Improved Segmentation of Confocal Calcium Videos of Hela Cells Using Deep-Learning-Assisted Watershed Algorithm.
Journal:
Annual International Conference of the IEEE Engineering in Medicine and Biology Society. IEEE Engineering in Medicine and Biology Society. Annual International Conference
PMID:
40039309
Abstract
The potential of calcium imaging in high-throughput drug screening experiments remains underutilized, primarily because of time-intensive manual identification of cells.To overcome these challenges, we propose to use deep learning enhanced watershed segmentation, wherein the complex morphology and the distinctions in the time courses are appropriately accounted through enhanced watershed and multi-frame processing respectively.
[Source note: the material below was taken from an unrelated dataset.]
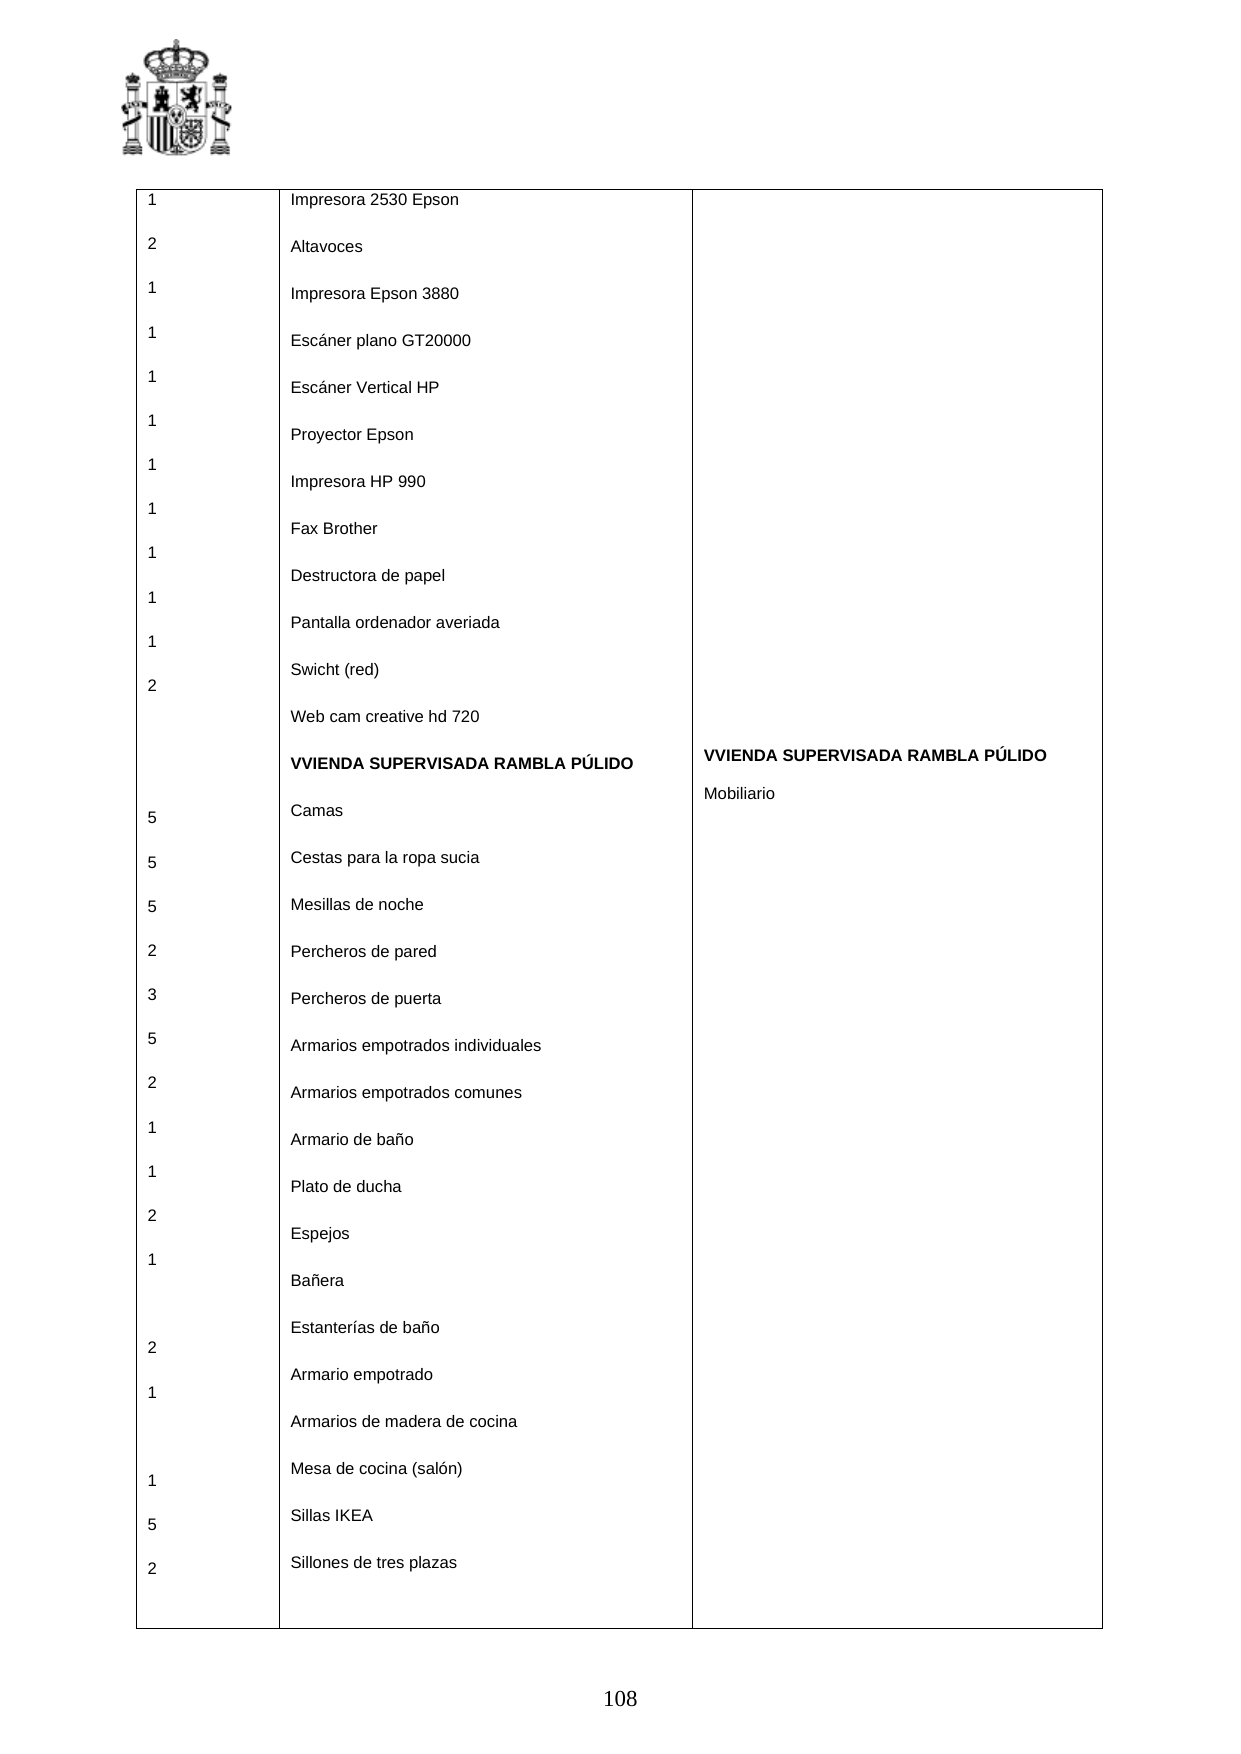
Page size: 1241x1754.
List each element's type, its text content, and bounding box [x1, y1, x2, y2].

table_header VVIENDA SUPERVISADA RAMBLA PÚLIDO Mobiliario [693, 190, 1102, 1627]
table_header 1 2 1 1 1 1 1 1 1 1 1 2 5 5 5 2 3 5 2 1 1 2 1 2 1 1 5 2 [137, 190, 279, 1627]
table_header Impresora 2530 Epson Altavoces Impresora Epson 3880 Escáner plano GT20000 Escáner Vertical HP Proyector Epson Impresora HP 990 Fax Brother Destructora de papel Pantalla ordenador averiada Swicht (red) Web cam creative hd 720 VVIENDA SUPERVISADA RAMBLA PÚLIDO Camas Cestas para la ropa sucia Mesillas de noche Percheros de pared Percheros de puerta Armarios empotrados individuales Armarios empotrados comunes Armario de baño Plato de ducha Espejos Bañera Estanterías de baño Armario empotrado Armarios de madera de cocina Mesa de cocina (salón) Sillas IKEA Sillones de tres plazas [280, 190, 692, 1627]

Our segmentation pipeline involved training of two CNNs (modified U-Net and YOLOv5), one to predict distance transform and other to detect individual cells on the predicted distance transform images. The bounding boxes detected by the YOLO were continuously refined every n frames using an Intersection over Union (IoU) threshold. The centers of the final updated bounding boxes were then used to guide the watershed transform, which segmented the image into individual cells. The proposed method outperformed U-Net (pixel wise classification), CellPose (generalistic deep learning-based software) and 2D method (Med IP) with a significant improvement in segmentation accuracy.